Gone is high-camp, big dance routines and a cast who seem to have smiles
permanently implanted onto their faces. In their place are gritty, hard songs
set against scenes of social deprivation in Liverpool and the terrible social
divisions which class can cause.
Being played out at the
Phoenix
Theatre, the show charts the story of two women, Mrs. Johnstone and Mrs.
Lyons, from different sides of the class divide. Mrs. Johnstone already has too
many children, the “welfare have been on to her” as she comments early on in the
show, and so when she falls pregnant with twins she wonders how on earth she’s
going to cope. Mrs. Lyons has been desperate for a child for some years and when
she learns Mrs. Johnstone, employed as her cleaner, is expecting fraternal
twins, she begs her employee to give one to her. Not knowing what else to do,
Mrs. Johnstone agrees to the deal, not realising what tragedy will ultimately
unfold from it. The secrets begin to unravel, set against a backdrop of Mrs.

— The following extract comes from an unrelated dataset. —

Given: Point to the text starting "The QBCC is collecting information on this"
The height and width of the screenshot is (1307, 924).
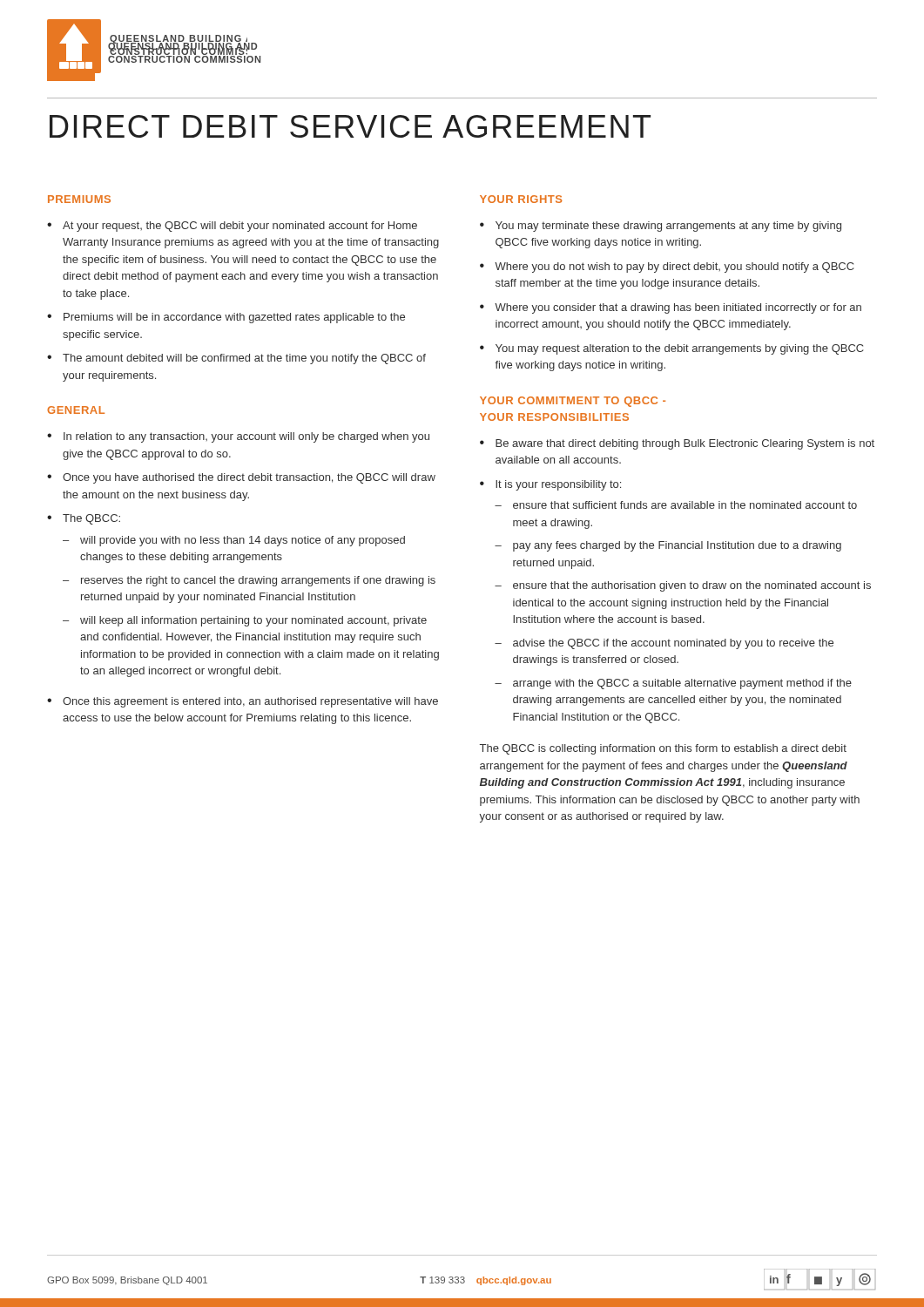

Lyons’ increasing paranoia, the destructive friendship of the twin boys, Mickey
and Eddie, in later life and the superstitions which keep the story bound
together. It is said, that if two twins separated at birth ever find out the
truth, they will both immediately die; such a threat keeps the show hanging on a
knife-edge all the way to its dramatic finale.
It’s not all as depressing as it sounds though, the early singings of the
ongoing overture ‘Marilyn Monroe’ provide laughs and the optimism at the move
away to the countryside at the end of the first act is portrayed wonderfully.
All the actors also do a great job of playing children at the start of the play;
what could become caricature actually comes across as serious acting. Ultimately
the play will make you consider the question, did superstition play a part in
what you saw unfold, or was it simply, as the narrator says, “what we British
have come to know as class”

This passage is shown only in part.